Housing Minister Nick Smith appears to have blinked first in the standoff between the Government and Auckland iwi over the use of surplus crown land for new housing developments.

An agreement announced yesterday maintained the right of iwi to first refusal on the sale of any of the land. However, in a concession agreed by the iwi, if they did buy any land it would have to be used for housing under a set of conditions which would require 20% be affordable housing and another 20% state housing.

In return Ngati Whatua has withdrawn its legal action against the Crown.

But such is the political delicacy of the agreement that one of its clauses requires that each side inform the other when they make any media statements.

All along Ngati Whatua was briefing journalists that what it wanted was the principle that when Crown land was disposed of and when it was included in the Schedule to a Treaty agreement, then it had to be offered to the relevant iwi first.

The Ngati Whatua Orakei Trust Deputy Chair, Ngarimu Blair, said the agreement clarified how the Government and iwi would engage with one another in relation to surplus Crown land.

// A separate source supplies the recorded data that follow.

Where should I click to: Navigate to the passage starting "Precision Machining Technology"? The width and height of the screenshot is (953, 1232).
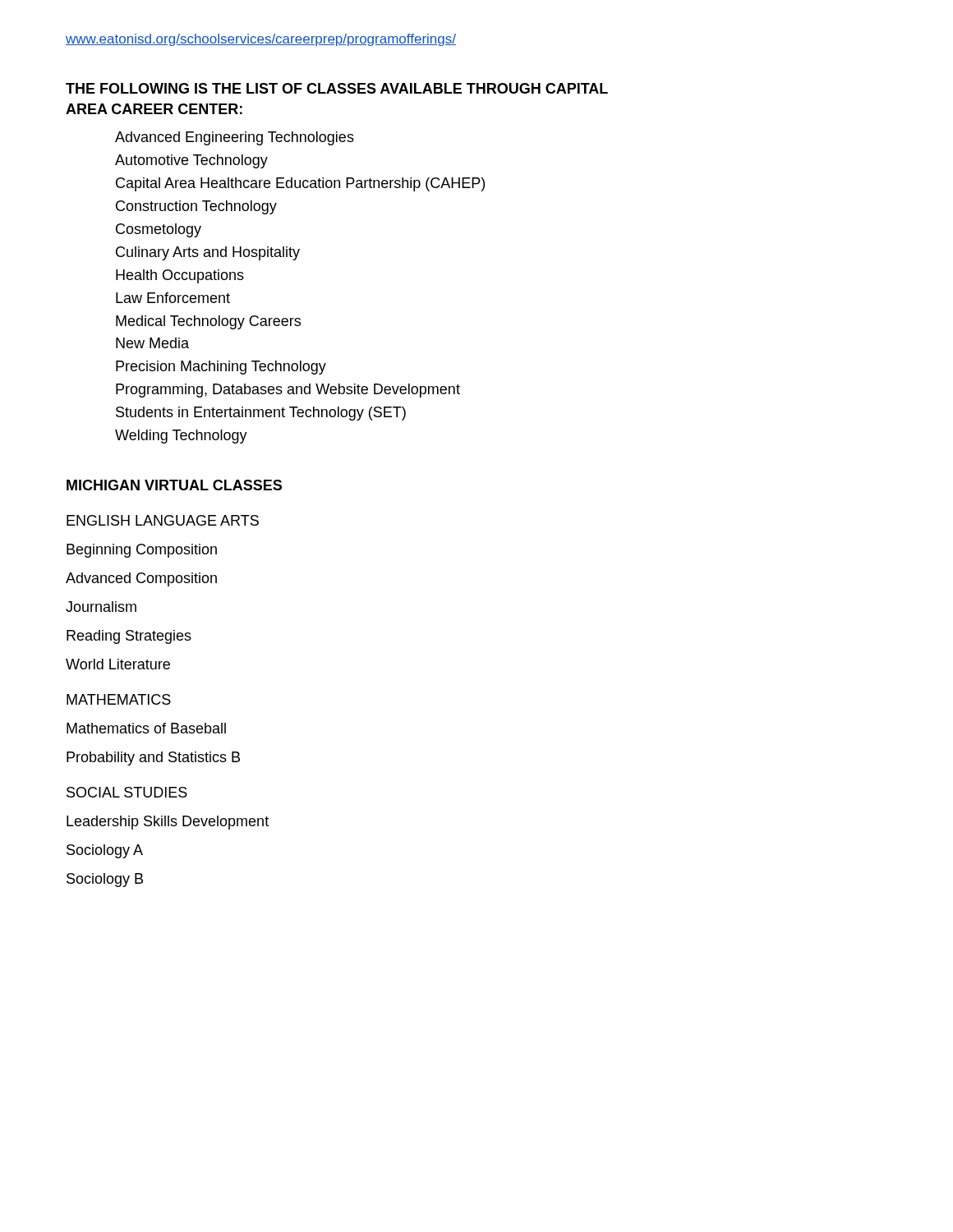221,367
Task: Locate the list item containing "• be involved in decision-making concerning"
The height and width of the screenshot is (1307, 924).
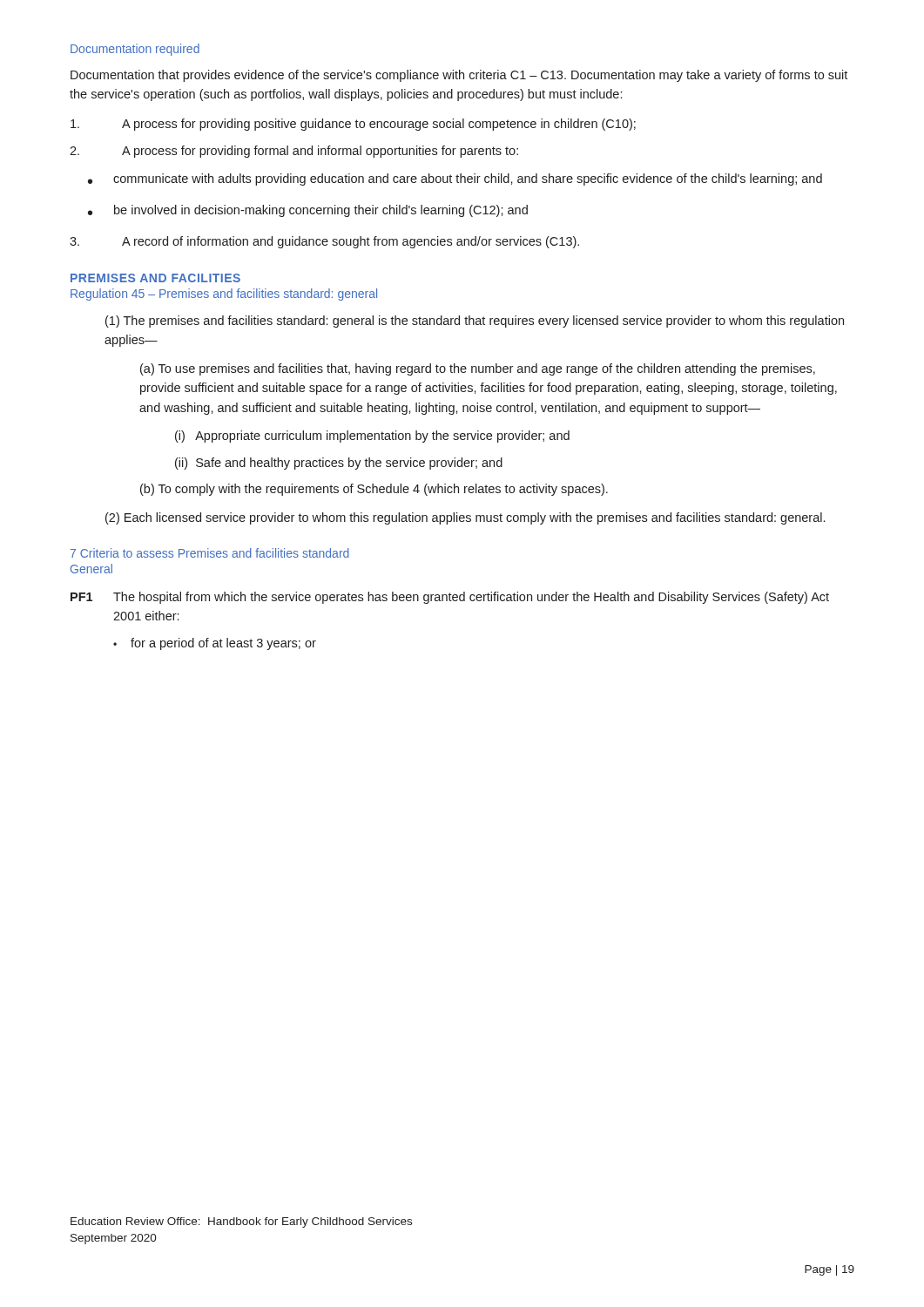Action: pyautogui.click(x=308, y=213)
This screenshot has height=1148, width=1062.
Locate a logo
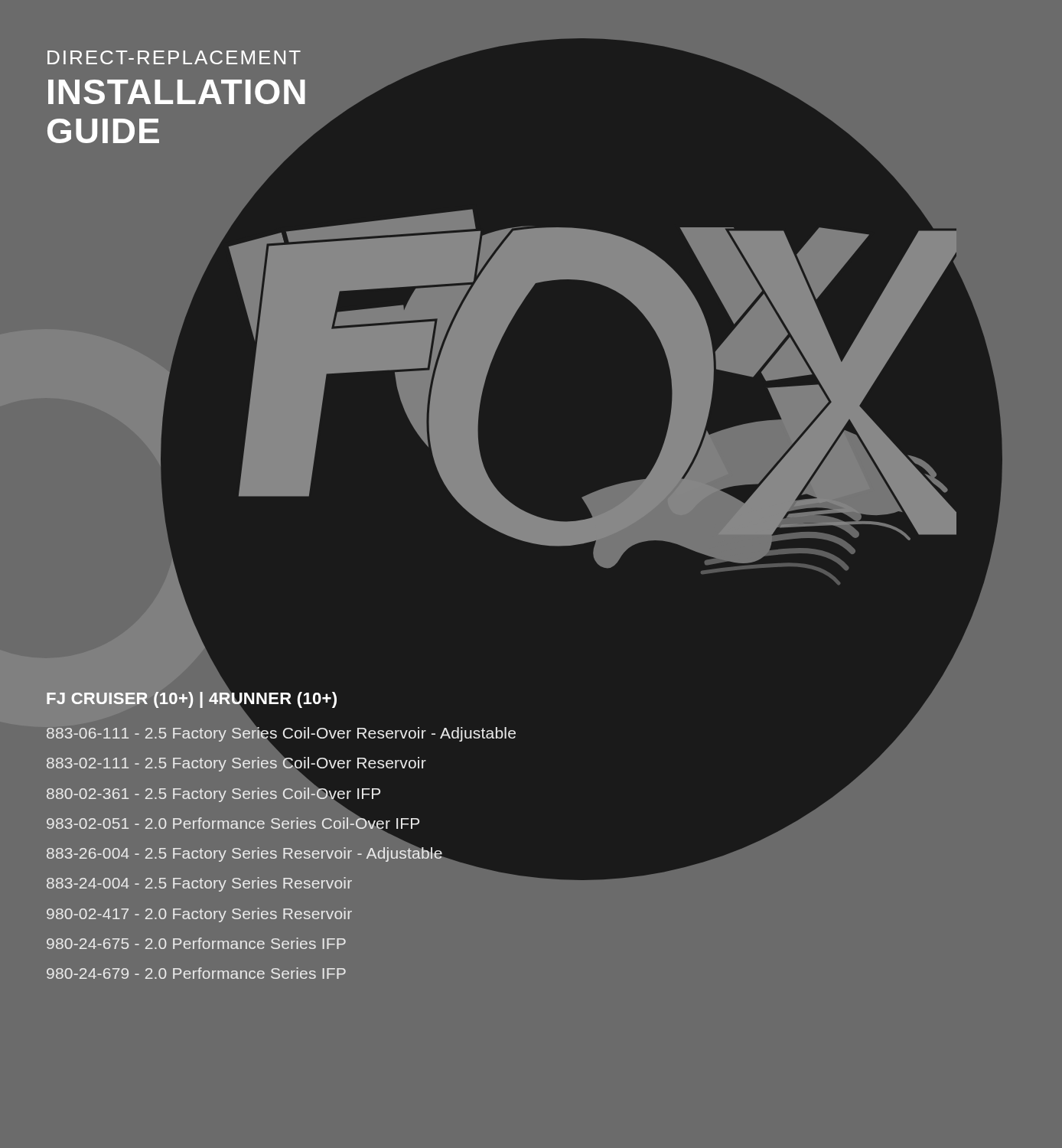click(x=555, y=398)
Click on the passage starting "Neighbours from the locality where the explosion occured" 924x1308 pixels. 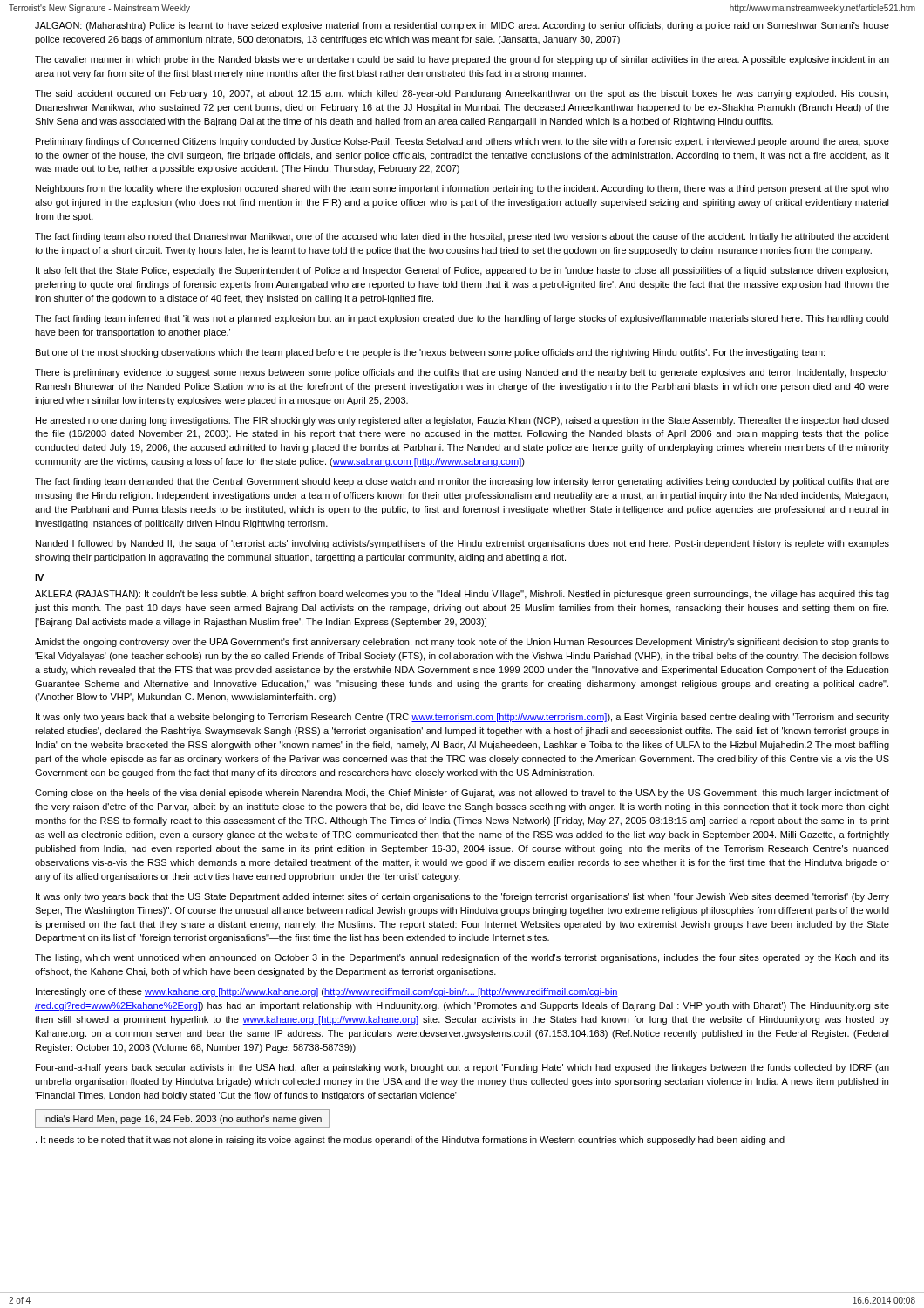(462, 203)
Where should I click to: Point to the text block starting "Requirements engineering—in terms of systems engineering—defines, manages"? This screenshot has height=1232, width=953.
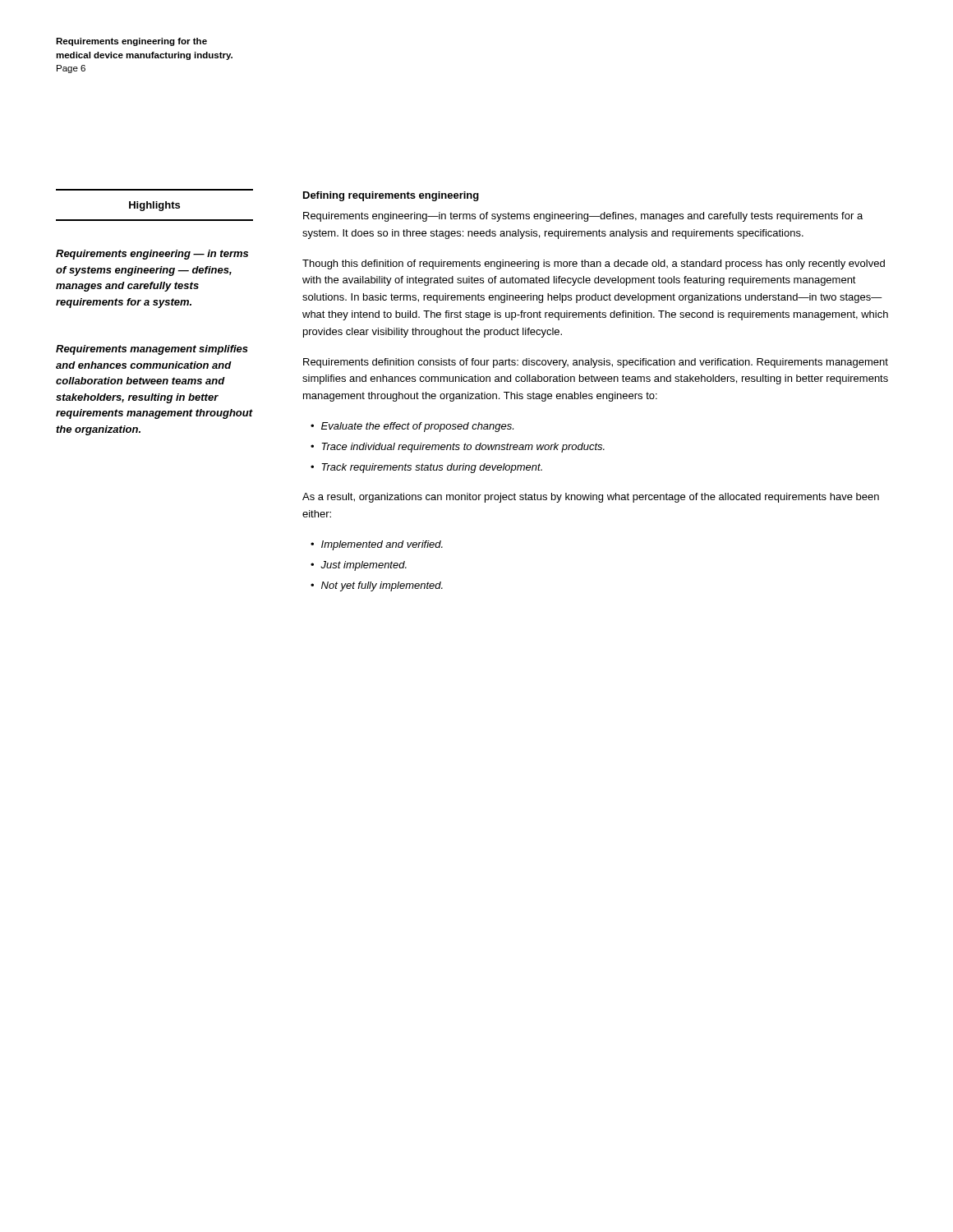(583, 224)
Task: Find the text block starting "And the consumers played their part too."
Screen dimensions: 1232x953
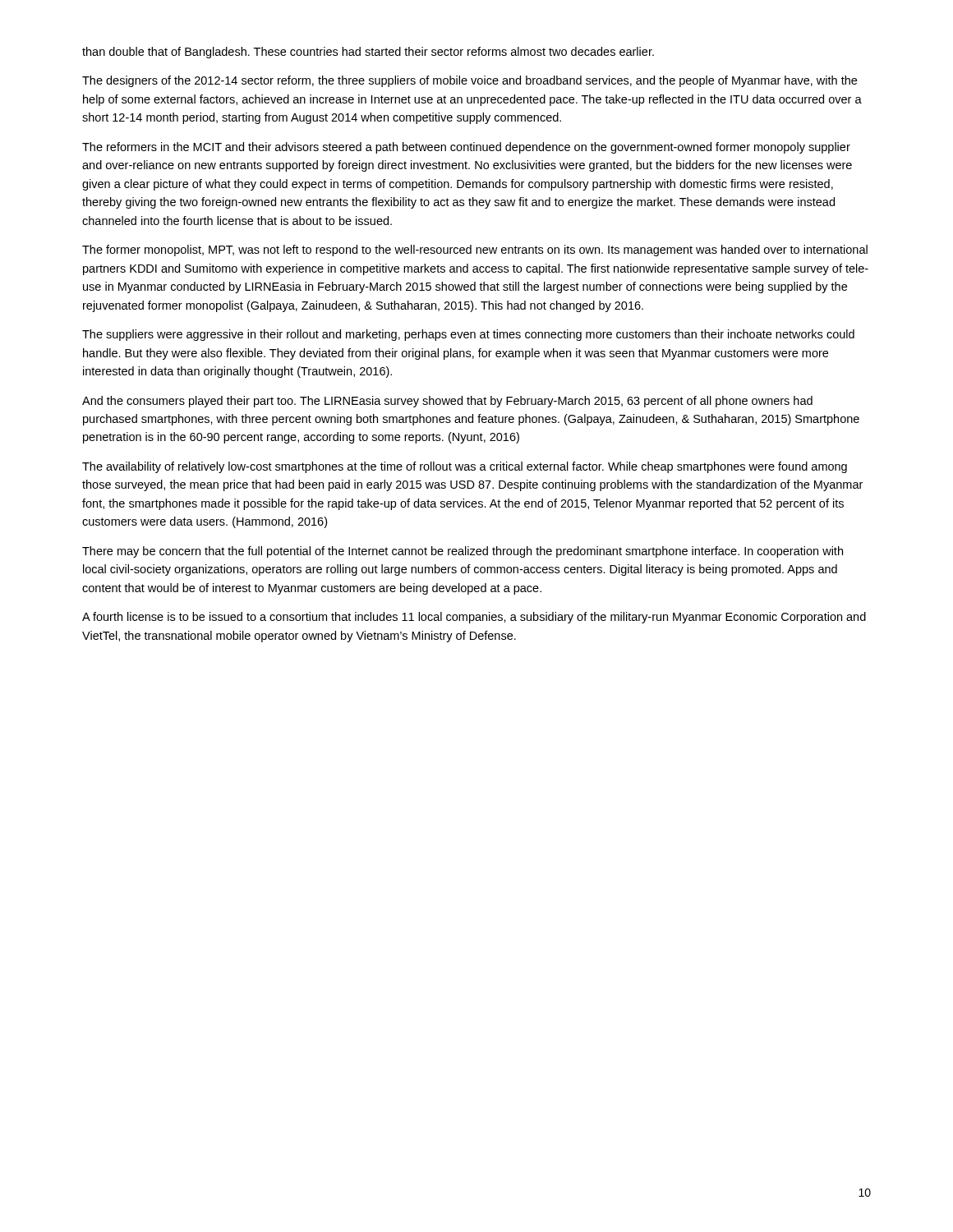Action: coord(471,419)
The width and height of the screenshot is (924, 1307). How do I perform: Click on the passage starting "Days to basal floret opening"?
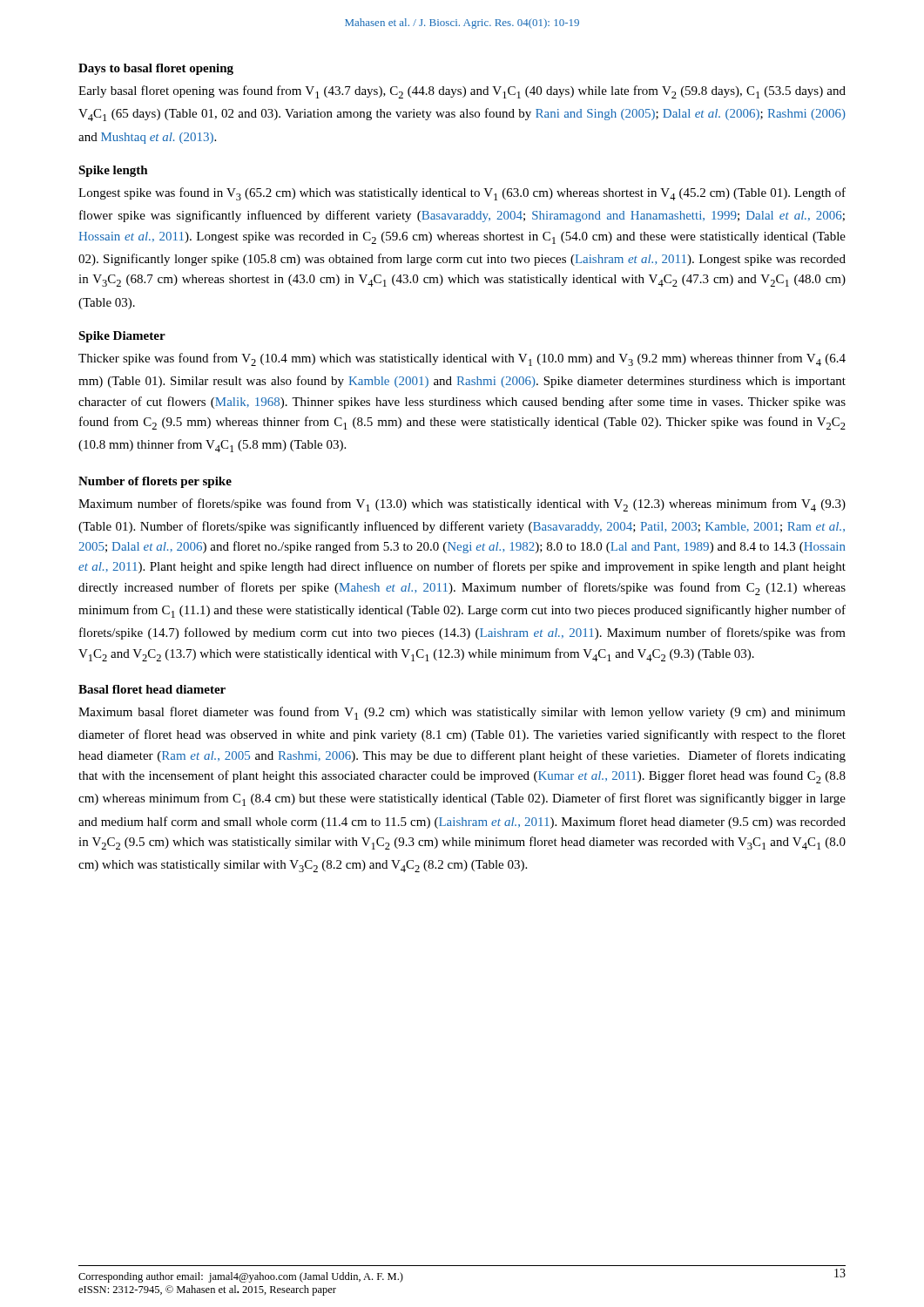coord(156,68)
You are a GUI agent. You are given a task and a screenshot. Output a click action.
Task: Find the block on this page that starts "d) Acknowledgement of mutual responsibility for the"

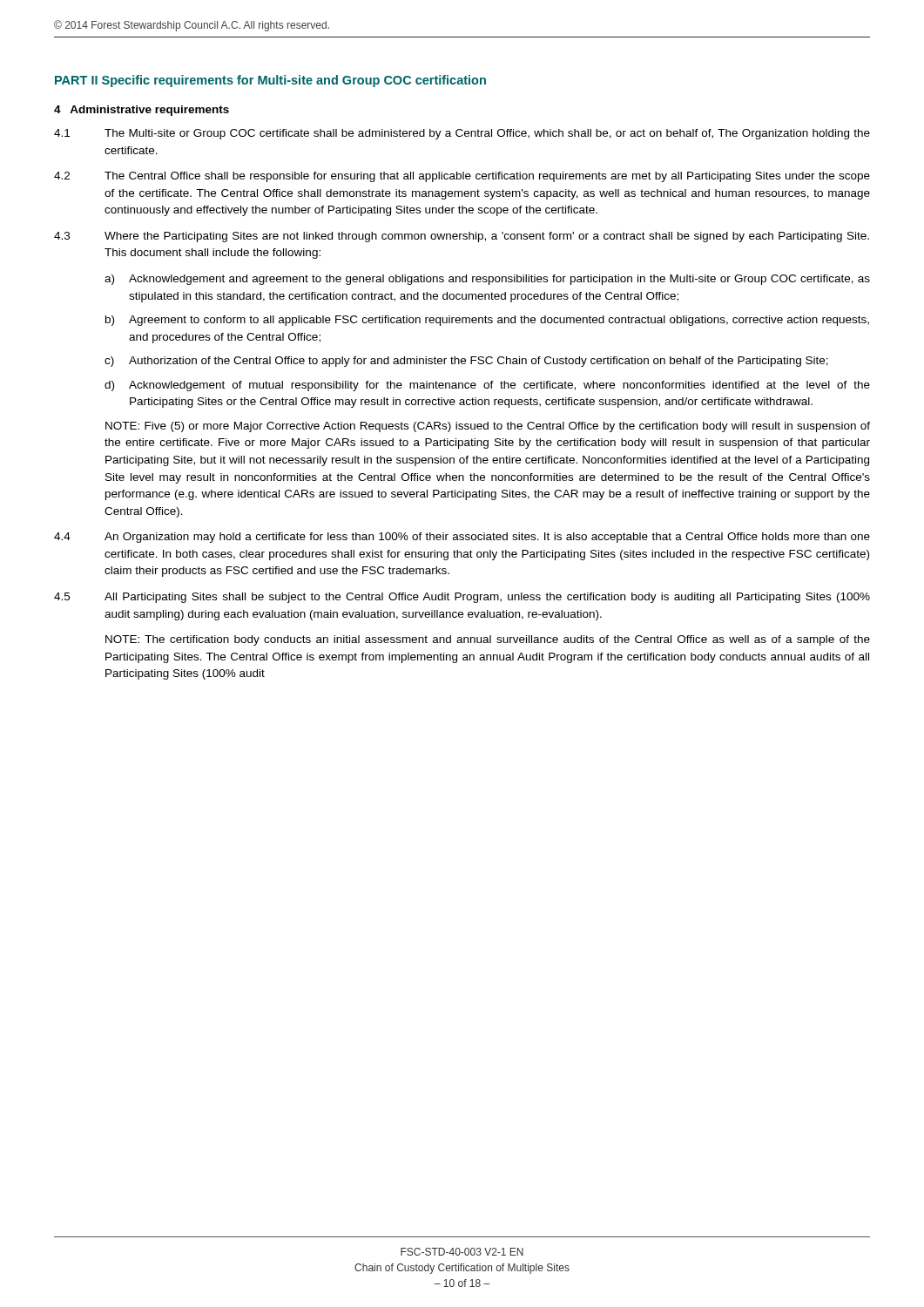(x=487, y=393)

Under the Development Protocol agreed as part of the Ngā Mana Whenua o Tāmakai Collective settlement agreement in 2012, the Crown would first provide iwi with the first opportunity to be the developer before offering it to other private sector developers.

“The importance of these issues to the Crown, to iwi and to all Aucklanders is such that we are very happy to see the application to the High Court about the RFR issue withdrawn,” said Mr Blair.

Though the Tamaki Collective involving 13 iwi/hapu has undertaken housing developments in partnership with the Crown, Ngati Whatua did not indicate any interest in undertaking a development itself.

But yesterday’s agreement includes the whole Collective so it paves the way for them to repeat the kind of development they did at Weymouth where a $102 million development built 282 affordable and social houses.


Interestingly the Weymouth development is referred to in the protocol unveiled yesterday with Mr Smith’s department saying that it considers that “its obligations under this protocol have already been met in respect of land at Weymouth currently set apart for state housing purposes.”

The agreement defines affordable housing as being houses “that are attainable for first home buyers (likely to be no more than the Kiwi Saver HomeStart cap which is currently $550,000).”

And though POLITIK understands there is still some work to be done on the fine print it is proposed that the 20% of social or state houses to be built, will be sold to Community Housing Providers as is currently being done with Housing New Zealand properties in Tauranga and Invercargill.

Social Housing Minister Paula Bennett said she had been listening to New Zealand’s Community Housing Providers and the message was clear that they are eager to continue their growth.

“This announcement gives them more opportunities to grow their portfolio and provide more innovative ways of caring for vulnerable tenants,” she said.

This is a significant development because it indicates that it is now Government policy to own no more new state houses but rather that the houses be placed in Community Housing provider ownership.

It looks as though the Auckland experience with Right of First Refusal to iwi has been acknowledged by the Crown — as Ngati Whatua wanted— and as was indicated with the way officials have been able to specific which houses being offered for sale in Tauranga and Invercargill fall under that category.

Both sides to the dispute yesterday were saying it was “win win” but one side (iwi) were really bigger winners than the Crown.